Według Bloomberg Economics rosyjska gospodarka skurczyła się w ubiegłym roku o 2,7 proc. To znacznie mniej, niż mówiły prognozy ekonomistów ogłaszane niedługo po inwazji na Ukrainę. Nie oznacza to jednak, że Rosja dobrze sobie radzi.
Powołując się na dane ministerstwa rozwoju, Władimir Putin powiedział, że PKB Rosji spadł między styczniem a listopadem 2022 r. o 2,1 proc. Zaznaczył, że część rosyjskich ekspertów, nie mówiąc już o zagranicznych, przewidywała spadek o 10-15, a nawet o 20 proc.
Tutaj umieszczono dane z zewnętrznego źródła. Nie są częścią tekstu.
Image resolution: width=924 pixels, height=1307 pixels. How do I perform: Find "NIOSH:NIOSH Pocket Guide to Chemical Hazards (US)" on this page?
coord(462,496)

Konieczność finansowania machiny wojennej spowodowała jednak, że w ubiegłym roku Rosja odnotowała deficyt budżetowy w wysokości 47 mld dol., co jest drugim z najwyższych wyników od momentu rozpadu Związku Radzieckiego. Luka budżetowa sięgnęła 2,3 proc. PKB.
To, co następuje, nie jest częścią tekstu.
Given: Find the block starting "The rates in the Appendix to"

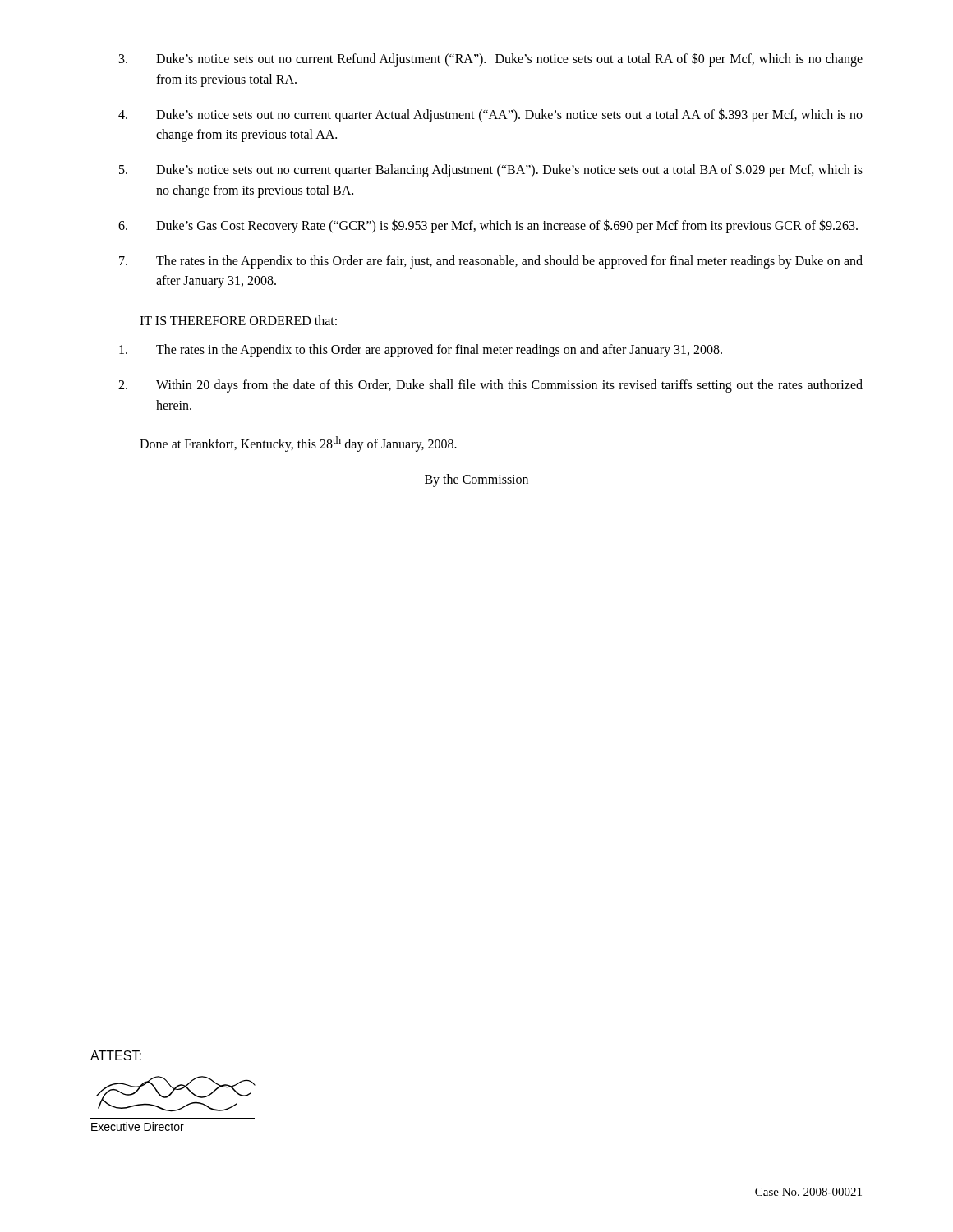Looking at the screenshot, I should [476, 350].

Gospodarczy cios pomogły częściowo zniwelować miliardy, jakie Rosja czerpała ze sprzedaży ropy i gazu, dzięki utrzymującym się przez długi czas bardzo wysokim cenom tych surowców. Dodatni bilans handlowy - czyli różnica między łącznym eksportem a importem - wzrósł do 282,3 mld dol. w 2022 r., w porównaniu z 170,1 mld dol. rok wcześniej. Wpływ na to miał także spadek importu na skutek nałożonych sankcji.
Reklama
W ostatnim kwartale nadwyżka w obrotach bieżących była jednak znacznie mniejsza niż w III kw. Główne powody były dwa: zarówno gaz, jak i ropa były pod koniec 2022 r. tańsze niż przed wojną, a w dodatku wzrósł - nawet do 40 proc. - rabat na ropę Urals, czyli różnica między ceną rosyjskiego paliwa a gatunkiem Brent, stanowiącym światowy benchmark. Ponadto UE nałożyła pułap cenowy na rosyjską ropę na poziomie 60 dol. za baryłkę.
Aleksandr Isakow, rosyjski ekonomista cytowany przez Bloomberg, przyznał, że spadki cen zmniejszyły w ubiegłym roku przychody z eksportu głównych surowców o 20 mld dol. Według badań opublikowanych w ubiegłym tygodniu przez Centrum Badań nad Energią i Czystym Powietrzem (CREA), niezależny think tank z siedzibą w Finlandii, dochody Rosji z eksportu paliw kopalnych spadły tylko w grudniu o 17 proc. do najniższego poziomu od początku wojny.
Ponieważ koszty związane z prowadzeniem wojny rosną, Moskwa szuka pieniędzy. Jednym z pomysłów jest wydrenowanie kont spółek. Władze rozważają m.in. wyższe dywidendy od państwowych firm oraz jednorazowy podatek od producentów nawozów i węgla. Rosja sięgała już po pieniądze m.in. swojego giganta - Gazpromu. Gazowy koncern w ubiegłym roku musiał odprowadzić 5 bln rubli, tj. ok. 80 mld dol. Dla porównania w 2021 r. podatek wyniósł 3,3 bln rubli, czyli prawie 53 mld dol.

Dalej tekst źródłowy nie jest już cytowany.